* WHAT YOU WILL DO: Please give back each line of the listing, unchanged in every word.

Start of GIVEN RECORDS

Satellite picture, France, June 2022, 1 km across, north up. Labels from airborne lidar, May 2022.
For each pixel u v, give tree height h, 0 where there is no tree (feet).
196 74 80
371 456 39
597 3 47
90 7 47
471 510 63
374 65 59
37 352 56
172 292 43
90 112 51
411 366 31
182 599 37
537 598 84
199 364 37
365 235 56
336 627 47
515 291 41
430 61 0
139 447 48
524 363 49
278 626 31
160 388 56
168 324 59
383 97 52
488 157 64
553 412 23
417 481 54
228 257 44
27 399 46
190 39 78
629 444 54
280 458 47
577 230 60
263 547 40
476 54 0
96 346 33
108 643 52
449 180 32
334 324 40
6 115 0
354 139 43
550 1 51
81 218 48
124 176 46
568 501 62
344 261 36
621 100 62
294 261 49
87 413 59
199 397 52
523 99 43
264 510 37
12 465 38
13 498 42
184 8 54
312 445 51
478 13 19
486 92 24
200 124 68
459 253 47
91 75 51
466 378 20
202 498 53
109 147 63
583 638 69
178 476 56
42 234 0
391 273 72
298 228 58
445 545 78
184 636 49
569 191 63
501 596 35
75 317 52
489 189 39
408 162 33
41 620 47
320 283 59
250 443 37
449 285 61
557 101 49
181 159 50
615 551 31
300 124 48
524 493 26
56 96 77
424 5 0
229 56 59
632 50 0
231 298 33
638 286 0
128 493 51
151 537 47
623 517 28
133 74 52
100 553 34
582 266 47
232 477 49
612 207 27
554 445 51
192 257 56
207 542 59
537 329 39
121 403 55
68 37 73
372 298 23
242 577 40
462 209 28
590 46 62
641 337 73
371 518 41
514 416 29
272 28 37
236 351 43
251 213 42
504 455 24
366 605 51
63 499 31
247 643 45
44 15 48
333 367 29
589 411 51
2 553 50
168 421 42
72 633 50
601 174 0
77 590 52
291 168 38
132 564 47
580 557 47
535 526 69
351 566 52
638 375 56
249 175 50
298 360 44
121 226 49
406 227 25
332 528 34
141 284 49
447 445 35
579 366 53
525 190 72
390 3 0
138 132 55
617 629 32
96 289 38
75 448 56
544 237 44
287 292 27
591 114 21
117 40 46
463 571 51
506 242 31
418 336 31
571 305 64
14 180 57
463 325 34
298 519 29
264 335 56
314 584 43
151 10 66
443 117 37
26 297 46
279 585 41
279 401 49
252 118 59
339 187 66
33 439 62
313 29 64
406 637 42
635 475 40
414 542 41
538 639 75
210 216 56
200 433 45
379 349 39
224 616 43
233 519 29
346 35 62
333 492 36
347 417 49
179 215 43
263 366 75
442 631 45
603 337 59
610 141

End of GIVEN RECORDS

* SOLUTION TO THIS PROBLEM:
Satellite picture, France, June 2022, 1 km across, north up. Labels from airborne lidar, May 2022.
For each pixel u v, give tree height h, 0 where there is no tree (feet).
196 74 80
371 456 39
597 3 47
90 7 47
471 510 63
374 65 59
37 352 56
172 292 43
90 112 51
411 366 31
182 599 37
537 598 84
199 364 37
365 235 56
336 627 47
515 291 41
430 61 0
139 447 48
524 363 49
278 626 31
160 388 56
168 324 59
383 97 52
488 157 64
553 412 23
417 481 54
228 257 44
27 399 46
190 39 78
629 444 54
280 458 47
577 230 60
263 547 40
476 54 0
96 346 33
108 643 52
449 180 32
334 324 40
6 115 0
354 139 43
550 1 51
81 218 48
124 176 46
568 501 62
344 261 36
621 100 62
294 261 49
87 413 59
199 397 52
523 99 43
264 510 37
12 465 38
13 498 42
184 8 54
312 445 51
478 13 19
486 92 24
200 124 68
459 253 47
91 75 51
466 378 20
202 498 53
109 147 63
583 638 69
178 476 56
42 234 0
391 273 72
298 228 58
445 545 78
184 636 49
569 191 63
501 596 35
75 317 52
489 189 39
408 162 33
41 620 47
320 283 59
250 443 37
449 285 61
557 101 49
181 159 50
615 551 31
300 124 48
524 493 26
56 96 77
424 5 0
229 56 59
632 50 0
231 298 33
638 286 0
128 493 51
151 537 47
623 517 28
133 74 52
100 553 34
582 266 47
232 477 49
612 207 27
554 445 51
192 257 56
207 542 59
537 329 39
121 403 55
68 37 73
372 298 23
242 577 40
462 209 28
590 46 62
641 337 73
371 518 41
514 416 29
272 28 37
236 351 43
251 213 42
504 455 24
366 605 51
63 499 31
247 643 45
44 15 48
333 367 29
589 411 51
2 553 50
168 421 42
72 633 50
601 174 0
77 590 52
291 168 38
132 564 47
580 557 47
535 526 69
351 566 52
638 375 56
249 175 50
298 360 44
121 226 49
406 227 25
332 528 34
141 284 49
447 445 35
579 366 53
525 190 72
390 3 0
138 132 55
617 629 32
96 289 38
75 448 56
544 237 44
287 292 27
591 114 21
117 40 46
463 571 51
506 242 31
418 336 31
571 305 64
14 180 57
463 325 34
298 519 29
264 335 56
314 584 43
151 10 66
443 117 37
26 297 46
279 585 41
279 401 49
252 118 59
339 187 66
33 439 62
313 29 64
406 637 42
635 475 40
414 542 41
538 639 75
210 216 56
200 433 45
379 349 39
224 616 43
233 519 29
346 35 62
333 492 36
347 417 49
179 215 43
263 366 75
442 631 45
603 337 59
610 141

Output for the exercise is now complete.